Task statement => Send back the records in full, character for character.

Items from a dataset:
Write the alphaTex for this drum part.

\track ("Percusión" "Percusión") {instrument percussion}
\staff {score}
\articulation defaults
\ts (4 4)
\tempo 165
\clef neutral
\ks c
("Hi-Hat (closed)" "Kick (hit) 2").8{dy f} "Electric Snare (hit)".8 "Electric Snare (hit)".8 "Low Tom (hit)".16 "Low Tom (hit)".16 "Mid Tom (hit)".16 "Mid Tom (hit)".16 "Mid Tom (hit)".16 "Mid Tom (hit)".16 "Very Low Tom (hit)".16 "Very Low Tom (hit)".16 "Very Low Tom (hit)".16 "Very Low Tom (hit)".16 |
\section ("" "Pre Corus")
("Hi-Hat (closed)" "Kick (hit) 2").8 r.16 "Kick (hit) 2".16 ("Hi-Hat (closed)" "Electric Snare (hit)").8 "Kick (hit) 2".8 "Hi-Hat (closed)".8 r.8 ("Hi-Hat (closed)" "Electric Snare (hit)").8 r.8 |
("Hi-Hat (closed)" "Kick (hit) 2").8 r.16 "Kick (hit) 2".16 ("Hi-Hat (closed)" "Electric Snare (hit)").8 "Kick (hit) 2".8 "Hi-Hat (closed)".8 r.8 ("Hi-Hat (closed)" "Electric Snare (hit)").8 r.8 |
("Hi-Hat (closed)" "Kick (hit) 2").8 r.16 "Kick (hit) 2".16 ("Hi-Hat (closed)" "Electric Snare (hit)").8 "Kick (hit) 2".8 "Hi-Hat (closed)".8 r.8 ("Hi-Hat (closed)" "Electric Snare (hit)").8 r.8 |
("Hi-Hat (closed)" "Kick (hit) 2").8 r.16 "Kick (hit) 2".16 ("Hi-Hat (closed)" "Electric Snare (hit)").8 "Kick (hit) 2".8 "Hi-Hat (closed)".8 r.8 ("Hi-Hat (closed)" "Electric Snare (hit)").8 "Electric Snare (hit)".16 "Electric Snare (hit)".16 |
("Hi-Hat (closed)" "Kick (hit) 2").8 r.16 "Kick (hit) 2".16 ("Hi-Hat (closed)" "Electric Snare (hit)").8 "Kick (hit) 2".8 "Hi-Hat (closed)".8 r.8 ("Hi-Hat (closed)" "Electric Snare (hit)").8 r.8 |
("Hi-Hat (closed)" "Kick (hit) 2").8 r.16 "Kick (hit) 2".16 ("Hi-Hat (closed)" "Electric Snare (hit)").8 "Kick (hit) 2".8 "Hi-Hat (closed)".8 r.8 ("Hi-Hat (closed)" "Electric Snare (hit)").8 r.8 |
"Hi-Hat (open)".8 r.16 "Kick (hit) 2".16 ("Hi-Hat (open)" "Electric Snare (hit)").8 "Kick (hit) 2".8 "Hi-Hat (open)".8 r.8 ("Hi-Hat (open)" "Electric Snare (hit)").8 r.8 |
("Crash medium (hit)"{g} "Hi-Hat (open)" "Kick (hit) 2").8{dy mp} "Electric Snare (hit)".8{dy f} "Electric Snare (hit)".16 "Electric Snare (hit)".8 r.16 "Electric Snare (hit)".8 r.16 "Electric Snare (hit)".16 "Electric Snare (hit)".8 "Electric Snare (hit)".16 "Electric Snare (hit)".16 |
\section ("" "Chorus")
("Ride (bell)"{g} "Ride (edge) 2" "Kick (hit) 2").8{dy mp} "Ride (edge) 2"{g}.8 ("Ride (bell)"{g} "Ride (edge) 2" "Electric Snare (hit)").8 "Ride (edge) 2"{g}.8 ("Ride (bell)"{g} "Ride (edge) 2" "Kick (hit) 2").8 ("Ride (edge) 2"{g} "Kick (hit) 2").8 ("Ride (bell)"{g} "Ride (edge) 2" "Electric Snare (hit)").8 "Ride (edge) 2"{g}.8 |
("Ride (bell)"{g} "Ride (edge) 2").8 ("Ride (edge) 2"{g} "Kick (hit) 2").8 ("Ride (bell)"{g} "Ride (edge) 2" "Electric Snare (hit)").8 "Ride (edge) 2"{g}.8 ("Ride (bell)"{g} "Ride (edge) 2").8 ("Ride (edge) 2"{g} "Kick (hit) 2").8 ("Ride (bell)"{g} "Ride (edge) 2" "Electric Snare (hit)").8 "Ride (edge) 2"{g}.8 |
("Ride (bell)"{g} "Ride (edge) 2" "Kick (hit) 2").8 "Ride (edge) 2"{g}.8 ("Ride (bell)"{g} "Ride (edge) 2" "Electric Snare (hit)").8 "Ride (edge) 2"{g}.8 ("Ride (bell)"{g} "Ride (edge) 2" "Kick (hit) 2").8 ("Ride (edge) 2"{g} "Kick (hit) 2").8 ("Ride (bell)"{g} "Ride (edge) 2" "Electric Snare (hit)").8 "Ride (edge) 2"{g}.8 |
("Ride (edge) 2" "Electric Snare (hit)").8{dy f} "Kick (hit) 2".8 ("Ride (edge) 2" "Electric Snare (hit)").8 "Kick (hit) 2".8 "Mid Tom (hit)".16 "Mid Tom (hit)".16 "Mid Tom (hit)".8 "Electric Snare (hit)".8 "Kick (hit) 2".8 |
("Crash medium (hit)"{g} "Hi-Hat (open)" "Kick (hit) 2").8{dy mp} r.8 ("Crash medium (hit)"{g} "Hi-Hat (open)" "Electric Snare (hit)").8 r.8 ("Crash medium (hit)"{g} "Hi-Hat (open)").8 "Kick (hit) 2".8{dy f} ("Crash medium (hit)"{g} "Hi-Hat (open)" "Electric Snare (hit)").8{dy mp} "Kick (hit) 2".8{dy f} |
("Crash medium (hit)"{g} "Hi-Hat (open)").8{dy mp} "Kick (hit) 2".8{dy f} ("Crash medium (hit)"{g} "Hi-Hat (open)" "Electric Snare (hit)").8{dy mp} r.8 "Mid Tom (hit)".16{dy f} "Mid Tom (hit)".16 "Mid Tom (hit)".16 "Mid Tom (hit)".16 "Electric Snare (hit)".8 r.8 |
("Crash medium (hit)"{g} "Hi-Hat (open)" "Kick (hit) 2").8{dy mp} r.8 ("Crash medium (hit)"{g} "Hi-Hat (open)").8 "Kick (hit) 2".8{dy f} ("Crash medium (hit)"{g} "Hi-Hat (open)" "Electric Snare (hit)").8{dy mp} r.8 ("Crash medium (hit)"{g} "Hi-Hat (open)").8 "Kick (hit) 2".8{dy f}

Written response =>
Write the alphaTex for this drum part.

\track ("Percusión" "Percusión") {instrument percussion}
\staff {score}
\articulation defaults
\ts (4 4)
\tempo 165
\clef neutral
\ks c
("Hi-Hat (closed)" "Kick (hit) 2").8{dy f} "Electric Snare (hit)".8 "Electric Snare (hit)".8 "Low Tom (hit)".16 "Low Tom (hit)".16 "Mid Tom (hit)".16 "Mid Tom (hit)".16 "Mid Tom (hit)".16 "Mid Tom (hit)".16 "Very Low Tom (hit)".16 "Very Low Tom (hit)".16 "Very Low Tom (hit)".16 "Very Low Tom (hit)".16 |
\section ("" "Pre Corus")
("Hi-Hat (closed)" "Kick (hit) 2").8 r.16 "Kick (hit) 2".16 ("Hi-Hat (closed)" "Electric Snare (hit)").8 "Kick (hit) 2".8 "Hi-Hat (closed)".8 r.8 ("Hi-Hat (closed)" "Electric Snare (hit)").8 r.8 |
("Hi-Hat (closed)" "Kick (hit) 2").8 r.16 "Kick (hit) 2".16 ("Hi-Hat (closed)" "Electric Snare (hit)").8 "Kick (hit) 2".8 "Hi-Hat (closed)".8 r.8 ("Hi-Hat (closed)" "Electric Snare (hit)").8 r.8 |
("Hi-Hat (closed)" "Kick (hit) 2").8 r.16 "Kick (hit) 2".16 ("Hi-Hat (closed)" "Electric Snare (hit)").8 "Kick (hit) 2".8 "Hi-Hat (closed)".8 r.8 ("Hi-Hat (closed)" "Electric Snare (hit)").8 r.8 |
("Hi-Hat (closed)" "Kick (hit) 2").8 r.16 "Kick (hit) 2".16 ("Hi-Hat (closed)" "Electric Snare (hit)").8 "Kick (hit) 2".8 "Hi-Hat (closed)".8 r.8 ("Hi-Hat (closed)" "Electric Snare (hit)").8 "Electric Snare (hit)".16 "Electric Snare (hit)".16 |
("Hi-Hat (closed)" "Kick (hit) 2").8 r.16 "Kick (hit) 2".16 ("Hi-Hat (closed)" "Electric Snare (hit)").8 "Kick (hit) 2".8 "Hi-Hat (closed)".8 r.8 ("Hi-Hat (closed)" "Electric Snare (hit)").8 r.8 |
("Hi-Hat (closed)" "Kick (hit) 2").8 r.16 "Kick (hit) 2".16 ("Hi-Hat (closed)" "Electric Snare (hit)").8 "Kick (hit) 2".8 "Hi-Hat (closed)".8 r.8 ("Hi-Hat (closed)" "Electric Snare (hit)").8 r.8 |
"Hi-Hat (open)".8 r.16 "Kick (hit) 2".16 ("Hi-Hat (open)" "Electric Snare (hit)").8 "Kick (hit) 2".8 "Hi-Hat (open)".8 r.8 ("Hi-Hat (open)" "Electric Snare (hit)").8 r.8 |
("Crash medium (hit)"{g} "Hi-Hat (open)" "Kick (hit) 2").8{dy mp} "Electric Snare (hit)".8{dy f} "Electric Snare (hit)".16 "Electric Snare (hit)".8 r.16 "Electric Snare (hit)".8 r.16 "Electric Snare (hit)".16 "Electric Snare (hit)".8 "Electric Snare (hit)".16 "Electric Snare (hit)".16 |
\section ("" "Chorus")
("Ride (bell)"{g} "Ride (edge) 2" "Kick (hit) 2").8{dy mp} "Ride (edge) 2"{g}.8 ("Ride (bell)"{g} "Ride (edge) 2" "Electric Snare (hit)").8 "Ride (edge) 2"{g}.8 ("Ride (bell)"{g} "Ride (edge) 2" "Kick (hit) 2").8 ("Ride (edge) 2"{g} "Kick (hit) 2").8 ("Ride (bell)"{g} "Ride (edge) 2" "Electric Snare (hit)").8 "Ride (edge) 2"{g}.8 |
("Ride (bell)"{g} "Ride (edge) 2").8 ("Ride (edge) 2"{g} "Kick (hit) 2").8 ("Ride (bell)"{g} "Ride (edge) 2" "Electric Snare (hit)").8 "Ride (edge) 2"{g}.8 ("Ride (bell)"{g} "Ride (edge) 2").8 ("Ride (edge) 2"{g} "Kick (hit) 2").8 ("Ride (bell)"{g} "Ride (edge) 2" "Electric Snare (hit)").8 "Ride (edge) 2"{g}.8 |
("Ride (bell)"{g} "Ride (edge) 2" "Kick (hit) 2").8 "Ride (edge) 2"{g}.8 ("Ride (bell)"{g} "Ride (edge) 2" "Electric Snare (hit)").8 "Ride (edge) 2"{g}.8 ("Ride (bell)"{g} "Ride (edge) 2" "Kick (hit) 2").8 ("Ride (edge) 2"{g} "Kick (hit) 2").8 ("Ride (bell)"{g} "Ride (edge) 2" "Electric Snare (hit)").8 "Ride (edge) 2"{g}.8 |
("Ride (edge) 2" "Electric Snare (hit)").8{dy f} "Kick (hit) 2".8 ("Ride (edge) 2" "Electric Snare (hit)").8 "Kick (hit) 2".8 "Mid Tom (hit)".16 "Mid Tom (hit)".16 "Mid Tom (hit)".8 "Electric Snare (hit)".8 "Kick (hit) 2".8 |
("Crash medium (hit)"{g} "Hi-Hat (open)" "Kick (hit) 2").8{dy mp} r.8 ("Crash medium (hit)"{g} "Hi-Hat (open)" "Electric Snare (hit)").8 r.8 ("Crash medium (hit)"{g} "Hi-Hat (open)").8 "Kick (hit) 2".8{dy f} ("Crash medium (hit)"{g} "Hi-Hat (open)" "Electric Snare (hit)").8{dy mp} "Kick (hit) 2".8{dy f} |
("Crash medium (hit)"{g} "Hi-Hat (open)").8{dy mp} "Kick (hit) 2".8{dy f} ("Crash medium (hit)"{g} "Hi-Hat (open)" "Electric Snare (hit)").8{dy mp} r.8 "Mid Tom (hit)".16{dy f} "Mid Tom (hit)".16 "Mid Tom (hit)".16 "Mid Tom (hit)".16 "Electric Snare (hit)".8 r.8 |
("Crash medium (hit)"{g} "Hi-Hat (open)" "Kick (hit) 2").8{dy mp} r.8 ("Crash medium (hit)"{g} "Hi-Hat (open)").8 "Kick (hit) 2".8{dy f} ("Crash medium (hit)"{g} "Hi-Hat (open)" "Electric Snare (hit)").8{dy mp} r.8 ("Crash medium (hit)"{g} "Hi-Hat (open)").8 "Kick (hit) 2".8{dy f}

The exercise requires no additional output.